(Stored data entries)
==========

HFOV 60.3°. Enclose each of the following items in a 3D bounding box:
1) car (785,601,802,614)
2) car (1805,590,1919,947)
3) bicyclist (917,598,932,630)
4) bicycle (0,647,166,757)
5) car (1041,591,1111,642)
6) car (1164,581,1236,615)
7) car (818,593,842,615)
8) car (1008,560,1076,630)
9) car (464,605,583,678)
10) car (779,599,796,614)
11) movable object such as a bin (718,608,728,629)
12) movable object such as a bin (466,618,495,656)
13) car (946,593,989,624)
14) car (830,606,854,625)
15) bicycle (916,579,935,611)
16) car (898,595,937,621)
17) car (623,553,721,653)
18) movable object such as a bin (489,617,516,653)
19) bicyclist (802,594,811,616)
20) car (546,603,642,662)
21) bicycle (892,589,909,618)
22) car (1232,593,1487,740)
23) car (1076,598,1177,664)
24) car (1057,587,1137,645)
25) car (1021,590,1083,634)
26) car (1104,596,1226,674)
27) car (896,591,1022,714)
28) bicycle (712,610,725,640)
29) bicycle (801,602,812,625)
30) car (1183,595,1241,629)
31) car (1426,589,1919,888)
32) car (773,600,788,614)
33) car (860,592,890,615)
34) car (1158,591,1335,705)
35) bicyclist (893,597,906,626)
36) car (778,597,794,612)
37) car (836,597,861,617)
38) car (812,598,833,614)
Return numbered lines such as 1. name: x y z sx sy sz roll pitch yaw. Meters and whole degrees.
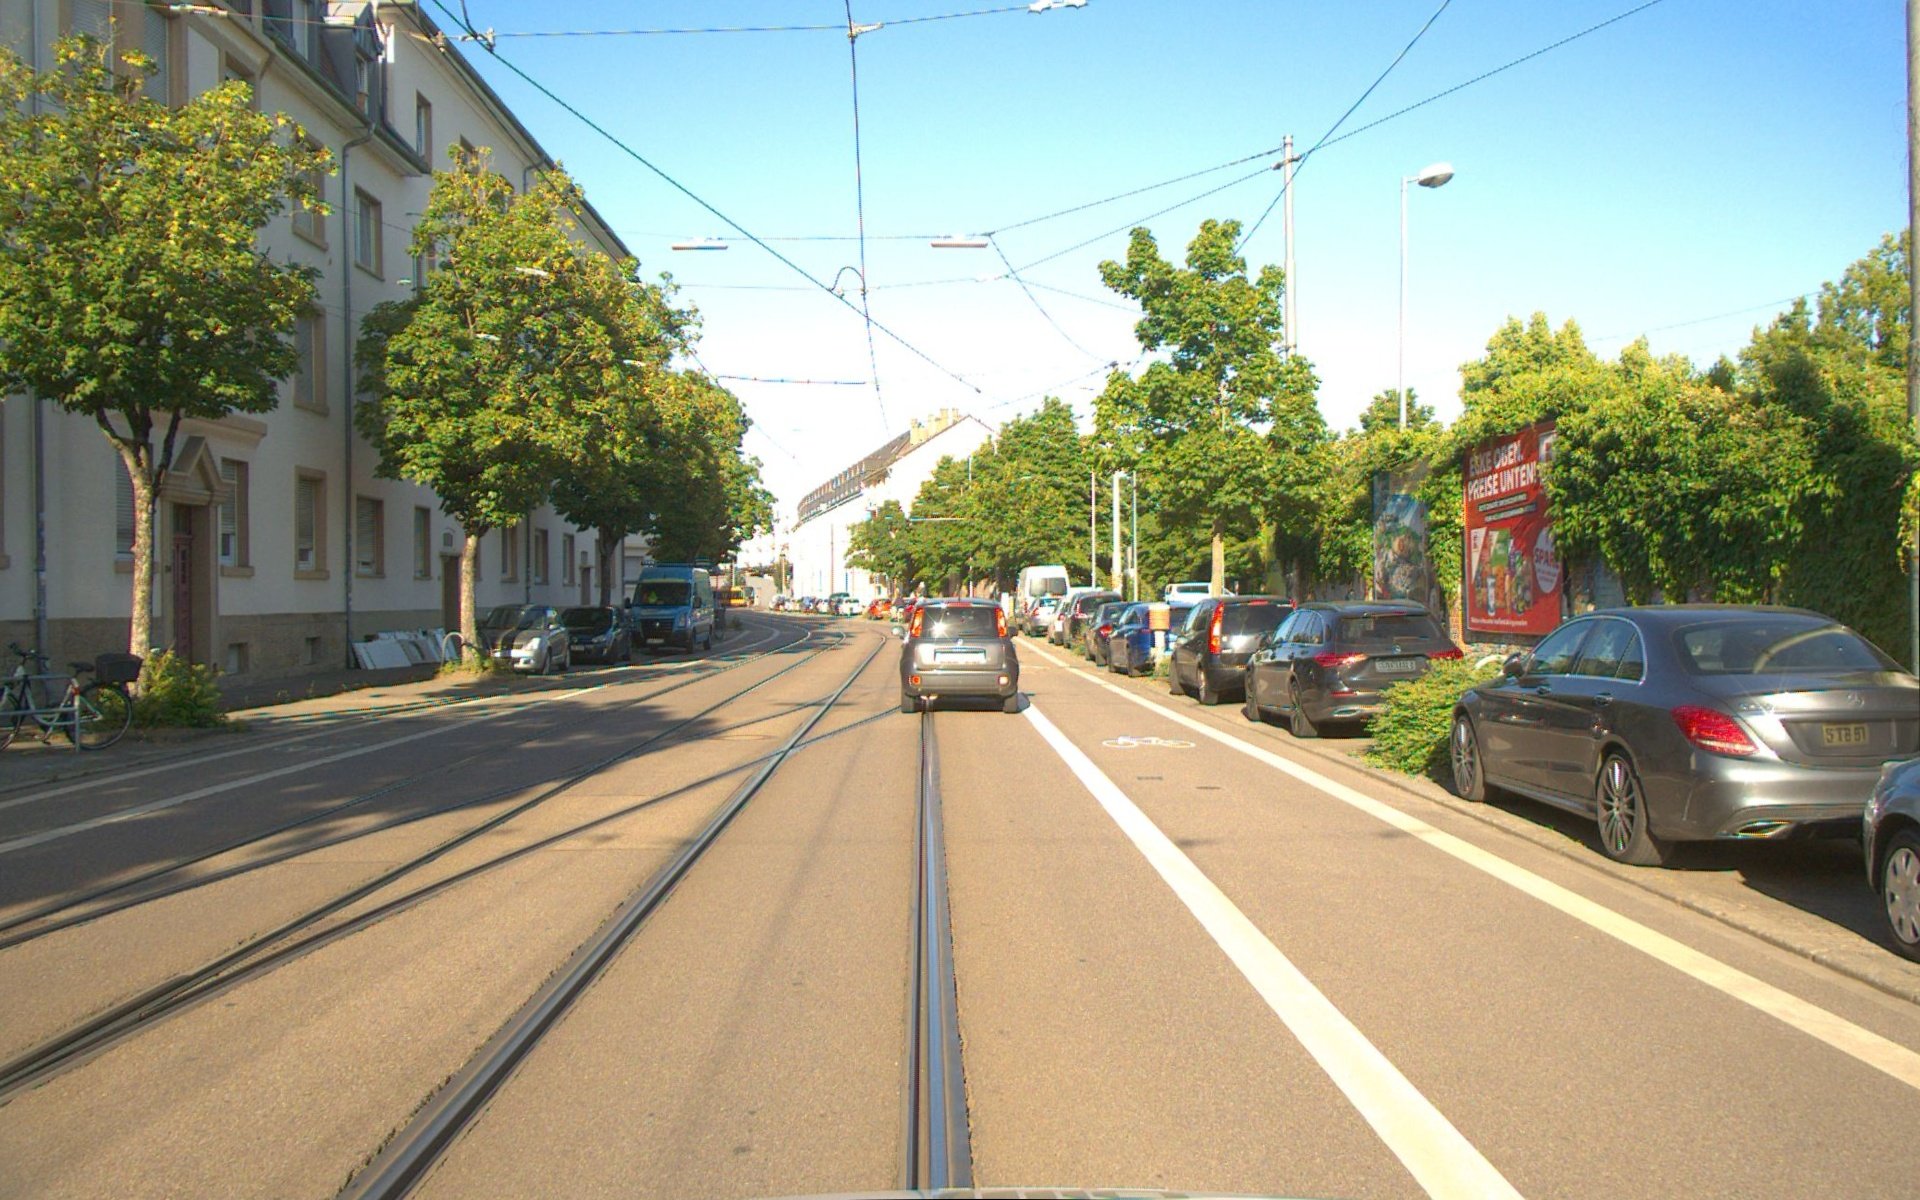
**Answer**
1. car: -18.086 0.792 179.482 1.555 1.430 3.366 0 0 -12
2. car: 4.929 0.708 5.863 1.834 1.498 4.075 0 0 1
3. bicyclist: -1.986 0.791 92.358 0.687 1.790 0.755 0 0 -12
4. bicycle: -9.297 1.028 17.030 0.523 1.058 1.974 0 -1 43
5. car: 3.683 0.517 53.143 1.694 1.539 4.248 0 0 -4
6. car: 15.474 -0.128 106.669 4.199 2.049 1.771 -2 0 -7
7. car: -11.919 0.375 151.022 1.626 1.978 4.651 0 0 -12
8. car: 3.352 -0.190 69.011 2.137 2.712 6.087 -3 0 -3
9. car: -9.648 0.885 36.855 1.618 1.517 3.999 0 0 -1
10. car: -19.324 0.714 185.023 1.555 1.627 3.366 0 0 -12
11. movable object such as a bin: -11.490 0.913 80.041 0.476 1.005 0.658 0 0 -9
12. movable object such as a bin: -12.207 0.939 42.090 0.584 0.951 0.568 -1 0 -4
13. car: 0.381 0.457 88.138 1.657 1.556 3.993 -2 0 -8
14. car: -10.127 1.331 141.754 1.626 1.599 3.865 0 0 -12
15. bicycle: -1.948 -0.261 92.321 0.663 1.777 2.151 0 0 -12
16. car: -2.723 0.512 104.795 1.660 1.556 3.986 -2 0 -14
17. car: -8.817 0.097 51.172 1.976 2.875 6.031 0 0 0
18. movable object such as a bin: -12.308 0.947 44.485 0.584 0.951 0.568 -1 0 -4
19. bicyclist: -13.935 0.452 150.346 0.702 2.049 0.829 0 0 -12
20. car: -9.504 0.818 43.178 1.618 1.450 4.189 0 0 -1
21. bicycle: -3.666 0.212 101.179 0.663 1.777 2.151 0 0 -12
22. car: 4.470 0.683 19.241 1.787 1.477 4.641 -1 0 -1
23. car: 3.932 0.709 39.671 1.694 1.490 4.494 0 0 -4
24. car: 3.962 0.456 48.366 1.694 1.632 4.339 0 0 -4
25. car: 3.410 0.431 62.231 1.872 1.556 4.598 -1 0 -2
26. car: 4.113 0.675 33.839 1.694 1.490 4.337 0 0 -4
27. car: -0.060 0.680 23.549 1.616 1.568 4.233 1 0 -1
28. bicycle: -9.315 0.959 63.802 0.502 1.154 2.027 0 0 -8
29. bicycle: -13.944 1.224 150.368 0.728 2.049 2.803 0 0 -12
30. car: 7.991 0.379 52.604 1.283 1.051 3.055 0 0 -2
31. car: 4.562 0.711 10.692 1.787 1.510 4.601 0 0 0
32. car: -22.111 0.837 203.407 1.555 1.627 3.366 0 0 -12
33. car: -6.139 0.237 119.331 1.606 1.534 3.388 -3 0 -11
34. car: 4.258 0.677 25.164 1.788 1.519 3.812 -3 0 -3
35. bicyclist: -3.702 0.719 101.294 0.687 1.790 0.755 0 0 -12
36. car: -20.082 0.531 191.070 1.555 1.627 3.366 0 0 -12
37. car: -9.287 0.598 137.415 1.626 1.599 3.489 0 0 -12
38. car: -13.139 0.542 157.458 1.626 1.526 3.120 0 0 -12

==========

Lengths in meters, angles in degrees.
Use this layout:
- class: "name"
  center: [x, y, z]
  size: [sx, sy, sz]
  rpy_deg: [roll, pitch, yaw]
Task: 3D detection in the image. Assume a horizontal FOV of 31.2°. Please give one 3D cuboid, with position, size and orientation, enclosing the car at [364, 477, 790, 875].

==========

Output the lines above between the one holding "23) car (1076,598,1177,664)" and the one holding "37) car (836,597,861,617)", inclusive, with nothing before or after them.

The completed task ->
23) car (1076,598,1177,664)
24) car (1057,587,1137,645)
25) car (1021,590,1083,634)
26) car (1104,596,1226,674)
27) car (896,591,1022,714)
28) bicycle (712,610,725,640)
29) bicycle (801,602,812,625)
30) car (1183,595,1241,629)
31) car (1426,589,1919,888)
32) car (773,600,788,614)
33) car (860,592,890,615)
34) car (1158,591,1335,705)
35) bicyclist (893,597,906,626)
36) car (778,597,794,612)
37) car (836,597,861,617)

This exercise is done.